The problem with user stories in practice is that the desire to work in short cycles drives teams to split stories to a degree that they can loose sight of the value element from the perspective of a customer or product owner. This is often alleviated through themes or story hierarchies but maybe there is a better way.
The minimum marketable feature (MMF) provides a connection between the high level vision of the project and the detailed user story.
According to Software by Numbers a Minimal Marketable Feature is:
… a chunk of functionality that delivers a subset of the customers requirements and that is capable of returning value to the customer when released as an independent entity.
I have found that this construct offers a powerful approach to assessing, understanding and prioritising feature sets. I believe that the benefits of considering MMFs applies to both software projects and product development activities. Due to the focus that is placed on the need rather than the solution this technique continues to apply where we consider projects with little bespoke software.

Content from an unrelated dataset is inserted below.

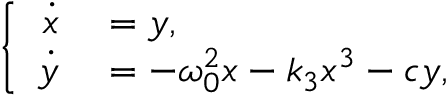<formula> <loc_0><loc_0><loc_500><loc_500>\left \{ \begin{array} { r l } { \dot { x } } & = y , } \\ { \dot { y } } & = - \omega _ { 0 } ^ { 2 } x - k _ { 3 } x ^ { 3 } - c y , } \end{array}</formula> 
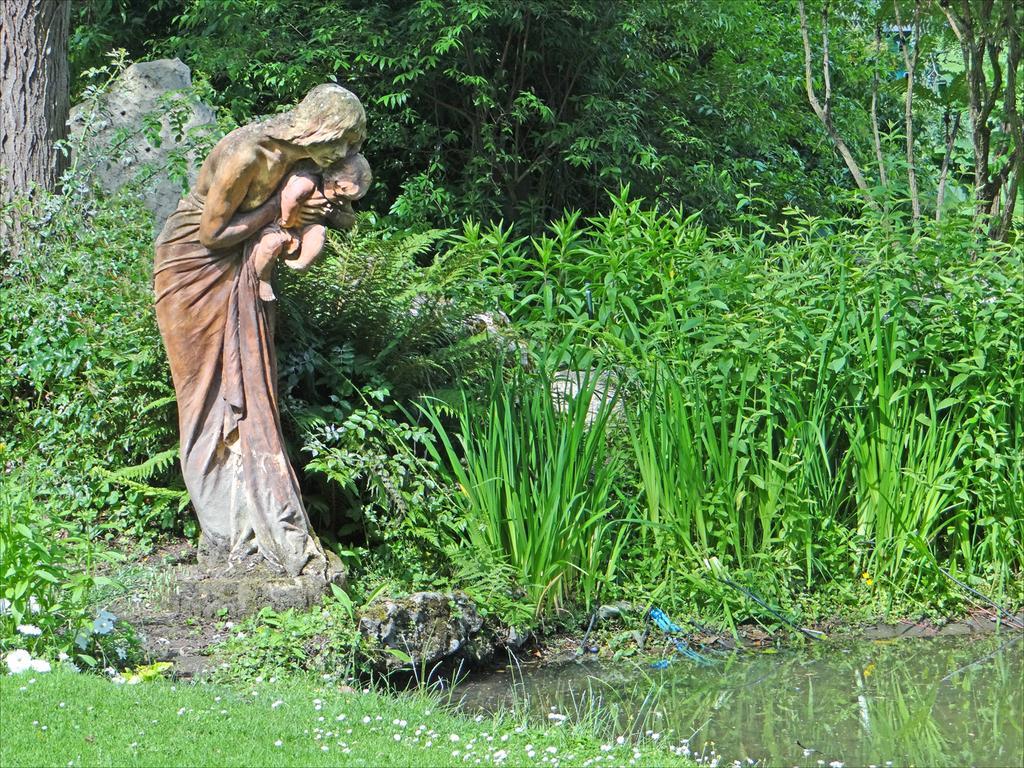Can you describe this image briefly? In this image we can see a statue. In the background of the image there are trees, plants. At the bottom of the image there is grass. To the right side of the image there is water.

In essence given some form of need we must pursue it’s decomposition repeating the challenge; “is the described feature or feature set really so minimal as to be un-deployable should any aspect be missing”. We gain further benefit by asking; “is there any aspect of this specification that is over specified”.
I guess at this stage an example is called for. Imagine for a moment that I am a traditional retailer considering gaining a web presence. I have a vision to develop an online presence in order to increase revenue by attracting a wider customer base.
I can begin assessing my need and decomposing features while ensuring that the resultant chunk remains marketable.
MMF 0
Help prospective customers find out about the business through basic online presence.
MMF 1
Enable online purchasing of restricted set of products
Offer a single form of payment
MMF 2
Broaden product range
MMF 3
Increase payment options
MMF 4
Make special time limited offers
MMF 5
Provide vouchers to encourage repeat custom
I am still experimenting with this approach, however, it seems that as a product increases in maturity MMFs can reduce in size (probably to the point where stories would be adequate). It is early in the process where we can get the most value.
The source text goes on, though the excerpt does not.